Zhang Han, Lu Wen-Cai, Yao Yong-Xin, Wang Cai-Zhuang, Ho Kai-Ming
College of Physics and State Key Laboratory of Bio-Fibers and Eco-Textiles, Qingdao University, Shandong 266071, People's Republic of China.
J Phys Condens Matter. 2019 May 15;31(19):195902. doi: 10.1088/1361-648X/ab05b3. Epub 2019 Feb 8.
We report benchmark calculations of the correlation matrix renormalization (CMR) approach for 23 molecules in the well-established G2 molecule set. This subset represents molecules with spin-singlet ground state in a variety of chemical bonding and coordination environments. The QUAsi-atomic minimal basis-set orbitals (QUAMBOs) are used as local orbitals in both CMR and full configuration interaction (FCI) calculations for comparison. The results obtained from the calculations are also compared with available experimental data. It is shown that the CMR method produces binding and dissociation energy curves in good agreement with the QUAMBO-FCI calculations as well as experimental results. The CMR benchmark calculations yield a standard deviation of 0.09 Å for the equilibrium bond length and 0.018 Hartree/atom for the formation energy, with a gain of great computational efficiency which scales like Hartree-Fock method.

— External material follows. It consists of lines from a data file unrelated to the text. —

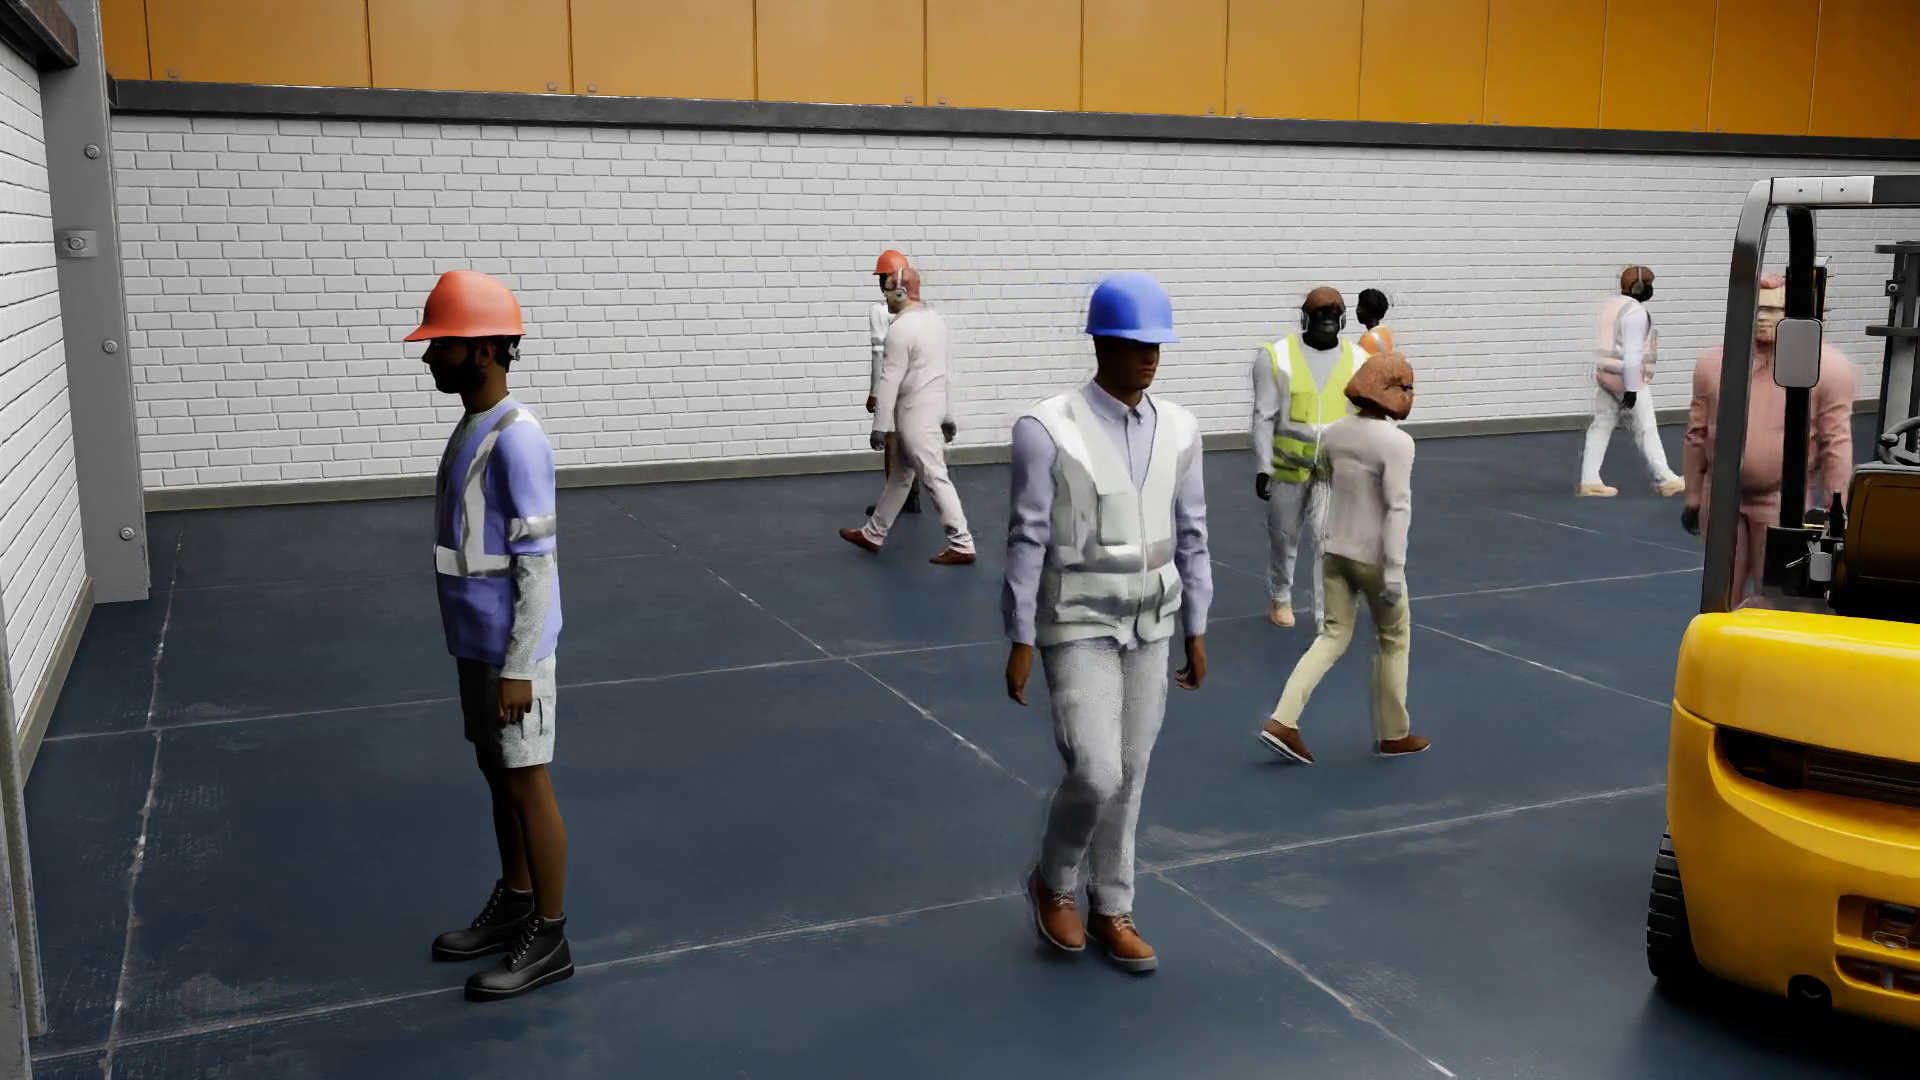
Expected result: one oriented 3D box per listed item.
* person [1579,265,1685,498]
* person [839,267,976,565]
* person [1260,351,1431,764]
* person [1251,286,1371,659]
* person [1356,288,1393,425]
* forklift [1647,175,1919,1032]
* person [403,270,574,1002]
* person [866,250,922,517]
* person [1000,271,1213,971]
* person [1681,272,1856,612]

我们报告了在成熟的G2分子集中对23个分子的相关矩阵重整化(CMR)方法的基准计算。该子集代表了在各种化学键合和配位环境中具有自旋单重基态的分子。在CMR和全组态相互作用(FCI)计算中均使用准原子最小基组轨道(QUAMBOs)作为局域轨道以进行比较。计算所得结果也与现有的实验数据进行了比较。结果表明,CMR方法产生的结合能和解离能曲线与QUAMBO - FCI计算以及实验结果高度吻合。CMR基准计算得出平衡键长的标准偏差为0.09 Å,形成能的标准偏差为0.018 Hartree/原子,并且具有与Hartree - Fock方法类似的巨大计算效率提升。